EXERCISE PROMPT:
Once the line containing "Formatted like this" is located, output it and every line after it through the end of the records, exactly as written and nothing else.

(Stored data)

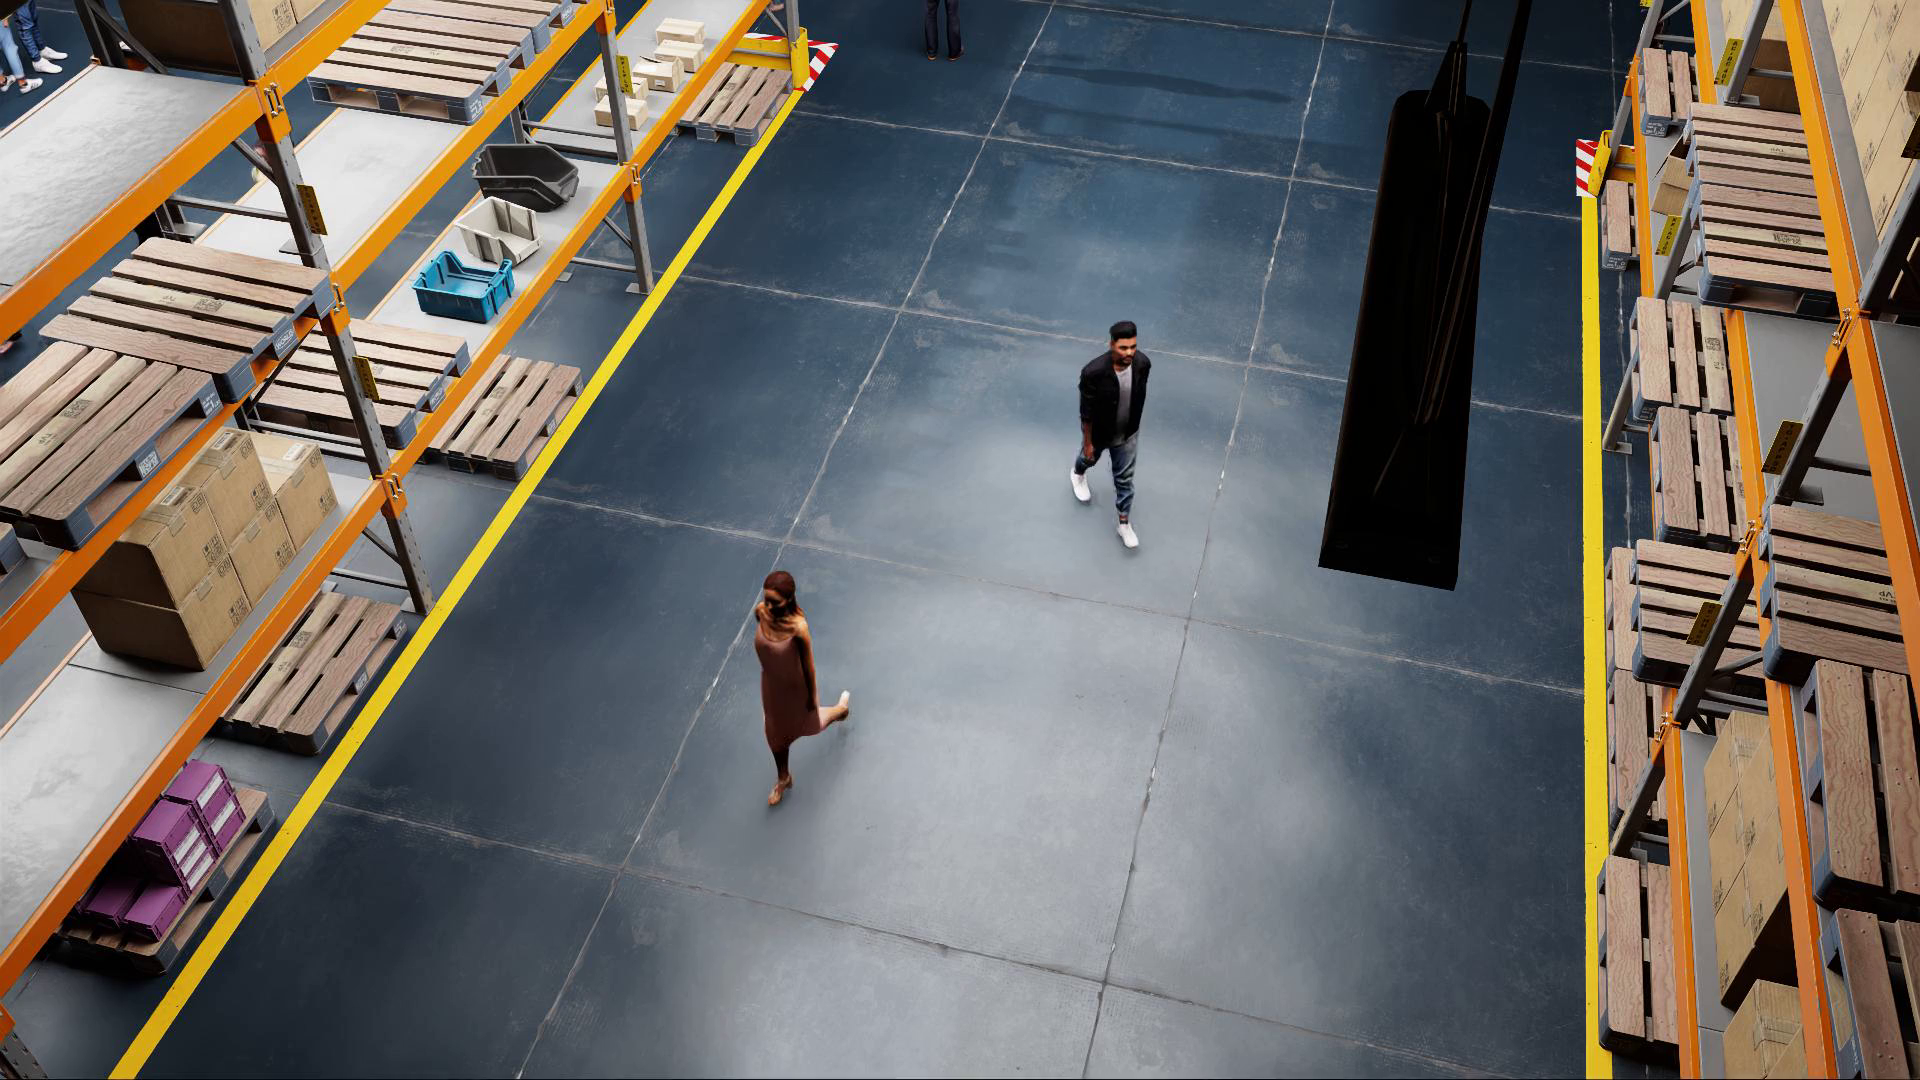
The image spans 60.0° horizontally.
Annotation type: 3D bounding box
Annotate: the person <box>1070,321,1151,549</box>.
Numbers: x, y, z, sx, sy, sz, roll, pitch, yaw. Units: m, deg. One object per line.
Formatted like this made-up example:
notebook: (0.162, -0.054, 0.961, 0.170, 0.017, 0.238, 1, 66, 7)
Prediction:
person: (1.026, -0.879, 11.889, 1.064, 1.773, 1.271, -11, 45, -11)

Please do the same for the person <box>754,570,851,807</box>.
person: (-0.976, 0.817, 10.084, 0.804, 1.807, 1.121, 25, 49, 24)

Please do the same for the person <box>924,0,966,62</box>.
person: (-0.192, -5.801, 17.025, 0.687, 1.815, 0.588, 9, 44, 9)

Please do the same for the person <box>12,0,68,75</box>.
person: (-9.602, -5.664, 16.885, 0.812, 1.811, 0.664, -7, 44, -7)

WRITTEN ANSWER:
Formatted like this made-up example:
notebook: (0.162, -0.054, 0.961, 0.170, 0.017, 0.238, 1, 66, 7)
Prediction:
person: (1.026, -0.879, 11.889, 1.064, 1.773, 1.271, -11, 45, -11)

Please do the same for the person <box>754,570,851,807</box>.
person: (-0.976, 0.817, 10.084, 0.804, 1.807, 1.121, 25, 49, 24)

Please do the same for the person <box>924,0,966,62</box>.
person: (-0.192, -5.801, 17.025, 0.687, 1.815, 0.588, 9, 44, 9)

Please do the same for the person <box>12,0,68,75</box>.
person: (-9.602, -5.664, 16.885, 0.812, 1.811, 0.664, -7, 44, -7)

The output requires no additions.